[Opening Source records section]

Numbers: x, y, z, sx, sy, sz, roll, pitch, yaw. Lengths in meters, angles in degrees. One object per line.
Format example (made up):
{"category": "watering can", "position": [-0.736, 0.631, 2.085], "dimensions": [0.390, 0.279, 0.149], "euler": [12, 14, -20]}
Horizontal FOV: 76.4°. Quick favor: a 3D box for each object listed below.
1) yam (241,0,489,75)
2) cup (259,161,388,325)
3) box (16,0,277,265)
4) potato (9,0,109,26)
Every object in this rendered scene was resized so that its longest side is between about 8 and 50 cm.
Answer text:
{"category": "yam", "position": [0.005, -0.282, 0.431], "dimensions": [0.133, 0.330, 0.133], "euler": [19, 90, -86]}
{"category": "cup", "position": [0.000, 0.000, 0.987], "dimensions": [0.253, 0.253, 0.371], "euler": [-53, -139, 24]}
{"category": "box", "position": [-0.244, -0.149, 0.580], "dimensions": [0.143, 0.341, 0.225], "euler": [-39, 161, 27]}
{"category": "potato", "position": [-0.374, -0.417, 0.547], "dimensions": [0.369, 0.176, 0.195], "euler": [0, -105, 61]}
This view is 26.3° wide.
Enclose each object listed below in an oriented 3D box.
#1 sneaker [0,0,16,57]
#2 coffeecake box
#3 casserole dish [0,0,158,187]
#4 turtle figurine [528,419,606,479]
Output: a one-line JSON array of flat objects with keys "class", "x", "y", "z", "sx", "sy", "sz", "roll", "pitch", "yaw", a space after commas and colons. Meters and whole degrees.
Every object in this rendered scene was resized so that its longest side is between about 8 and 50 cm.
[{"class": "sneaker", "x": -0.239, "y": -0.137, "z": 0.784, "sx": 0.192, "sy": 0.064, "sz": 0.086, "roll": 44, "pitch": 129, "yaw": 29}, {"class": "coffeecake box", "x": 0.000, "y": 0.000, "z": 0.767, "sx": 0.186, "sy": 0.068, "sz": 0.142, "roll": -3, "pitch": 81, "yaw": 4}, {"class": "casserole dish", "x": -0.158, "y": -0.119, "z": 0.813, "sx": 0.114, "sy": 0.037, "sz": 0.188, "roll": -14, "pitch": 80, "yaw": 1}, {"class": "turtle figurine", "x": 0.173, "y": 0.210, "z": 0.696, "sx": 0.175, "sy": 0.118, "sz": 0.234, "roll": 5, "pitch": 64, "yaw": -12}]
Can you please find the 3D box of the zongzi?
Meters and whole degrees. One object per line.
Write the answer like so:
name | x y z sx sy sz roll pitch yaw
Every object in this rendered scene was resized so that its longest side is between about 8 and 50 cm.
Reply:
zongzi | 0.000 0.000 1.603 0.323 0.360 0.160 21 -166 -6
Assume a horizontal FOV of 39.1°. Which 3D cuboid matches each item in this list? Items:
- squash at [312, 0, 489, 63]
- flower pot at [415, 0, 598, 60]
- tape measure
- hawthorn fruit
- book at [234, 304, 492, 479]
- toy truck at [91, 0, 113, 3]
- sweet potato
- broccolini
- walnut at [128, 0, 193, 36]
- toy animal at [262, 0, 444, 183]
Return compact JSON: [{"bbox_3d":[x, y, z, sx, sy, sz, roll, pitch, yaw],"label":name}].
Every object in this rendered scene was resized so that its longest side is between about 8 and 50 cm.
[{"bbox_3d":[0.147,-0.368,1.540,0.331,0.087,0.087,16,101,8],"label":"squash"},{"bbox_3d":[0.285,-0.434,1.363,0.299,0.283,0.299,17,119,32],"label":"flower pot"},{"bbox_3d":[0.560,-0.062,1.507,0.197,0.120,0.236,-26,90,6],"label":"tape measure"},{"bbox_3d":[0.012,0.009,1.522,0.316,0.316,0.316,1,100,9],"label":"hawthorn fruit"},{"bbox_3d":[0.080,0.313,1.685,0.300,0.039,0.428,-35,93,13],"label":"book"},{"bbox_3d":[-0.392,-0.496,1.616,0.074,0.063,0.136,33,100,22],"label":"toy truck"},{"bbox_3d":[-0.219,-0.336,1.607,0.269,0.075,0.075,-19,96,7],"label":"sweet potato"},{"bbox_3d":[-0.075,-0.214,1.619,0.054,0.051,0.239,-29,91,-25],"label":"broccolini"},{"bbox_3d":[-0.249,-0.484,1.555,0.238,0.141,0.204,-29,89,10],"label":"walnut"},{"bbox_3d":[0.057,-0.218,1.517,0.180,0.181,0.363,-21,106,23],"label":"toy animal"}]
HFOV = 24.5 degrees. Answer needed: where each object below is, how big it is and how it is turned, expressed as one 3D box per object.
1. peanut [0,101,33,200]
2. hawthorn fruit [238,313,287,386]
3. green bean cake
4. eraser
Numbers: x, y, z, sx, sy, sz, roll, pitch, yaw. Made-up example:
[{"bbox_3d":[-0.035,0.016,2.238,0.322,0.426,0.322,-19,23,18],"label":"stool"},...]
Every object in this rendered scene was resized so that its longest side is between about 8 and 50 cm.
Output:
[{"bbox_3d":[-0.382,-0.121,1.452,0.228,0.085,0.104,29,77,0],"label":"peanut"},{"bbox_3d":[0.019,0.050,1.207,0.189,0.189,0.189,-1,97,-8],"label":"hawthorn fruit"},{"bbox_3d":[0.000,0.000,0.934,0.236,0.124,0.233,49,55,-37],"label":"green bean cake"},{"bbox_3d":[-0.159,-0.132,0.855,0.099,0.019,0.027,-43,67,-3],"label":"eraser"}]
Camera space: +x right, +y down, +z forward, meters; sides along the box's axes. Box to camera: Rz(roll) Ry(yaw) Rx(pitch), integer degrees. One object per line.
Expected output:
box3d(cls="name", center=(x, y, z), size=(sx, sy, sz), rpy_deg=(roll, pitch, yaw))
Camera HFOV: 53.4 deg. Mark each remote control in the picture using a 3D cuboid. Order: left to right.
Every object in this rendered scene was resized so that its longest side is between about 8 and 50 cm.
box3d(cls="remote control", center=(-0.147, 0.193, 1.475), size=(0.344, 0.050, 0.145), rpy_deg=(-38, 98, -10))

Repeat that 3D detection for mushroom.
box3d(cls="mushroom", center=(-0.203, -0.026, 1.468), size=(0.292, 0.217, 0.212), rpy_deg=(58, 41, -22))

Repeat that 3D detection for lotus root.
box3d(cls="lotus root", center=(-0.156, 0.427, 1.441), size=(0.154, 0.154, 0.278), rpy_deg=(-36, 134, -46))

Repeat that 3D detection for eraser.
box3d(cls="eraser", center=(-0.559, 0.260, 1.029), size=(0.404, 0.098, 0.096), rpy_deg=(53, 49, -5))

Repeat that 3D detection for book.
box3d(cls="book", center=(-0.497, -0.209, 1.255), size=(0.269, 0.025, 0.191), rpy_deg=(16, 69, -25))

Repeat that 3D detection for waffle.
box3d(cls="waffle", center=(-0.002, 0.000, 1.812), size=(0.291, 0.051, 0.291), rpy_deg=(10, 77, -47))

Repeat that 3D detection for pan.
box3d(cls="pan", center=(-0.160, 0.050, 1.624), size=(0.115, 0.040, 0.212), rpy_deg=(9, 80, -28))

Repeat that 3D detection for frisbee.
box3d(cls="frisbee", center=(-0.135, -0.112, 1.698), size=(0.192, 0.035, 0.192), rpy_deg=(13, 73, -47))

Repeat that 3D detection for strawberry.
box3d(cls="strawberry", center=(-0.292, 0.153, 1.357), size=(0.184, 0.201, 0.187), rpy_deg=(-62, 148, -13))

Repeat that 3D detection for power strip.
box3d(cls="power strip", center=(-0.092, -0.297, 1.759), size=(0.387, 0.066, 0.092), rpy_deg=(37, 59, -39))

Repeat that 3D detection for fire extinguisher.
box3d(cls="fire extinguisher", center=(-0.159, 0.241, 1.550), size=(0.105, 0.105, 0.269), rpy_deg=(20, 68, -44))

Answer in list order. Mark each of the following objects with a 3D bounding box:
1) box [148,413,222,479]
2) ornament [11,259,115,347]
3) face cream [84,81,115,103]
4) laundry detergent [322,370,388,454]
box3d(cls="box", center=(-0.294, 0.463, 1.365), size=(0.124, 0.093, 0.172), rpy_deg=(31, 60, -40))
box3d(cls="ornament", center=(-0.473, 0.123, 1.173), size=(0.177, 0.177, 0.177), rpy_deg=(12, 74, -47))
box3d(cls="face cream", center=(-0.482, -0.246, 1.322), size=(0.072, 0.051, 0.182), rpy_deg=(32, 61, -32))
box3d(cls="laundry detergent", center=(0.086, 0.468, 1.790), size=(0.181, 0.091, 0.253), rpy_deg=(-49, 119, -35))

[Closing Source records section]

#### [Task objective]
Only the number is wanted: how many lines of these entries contain the string "Mark"?

#### [Response area]
2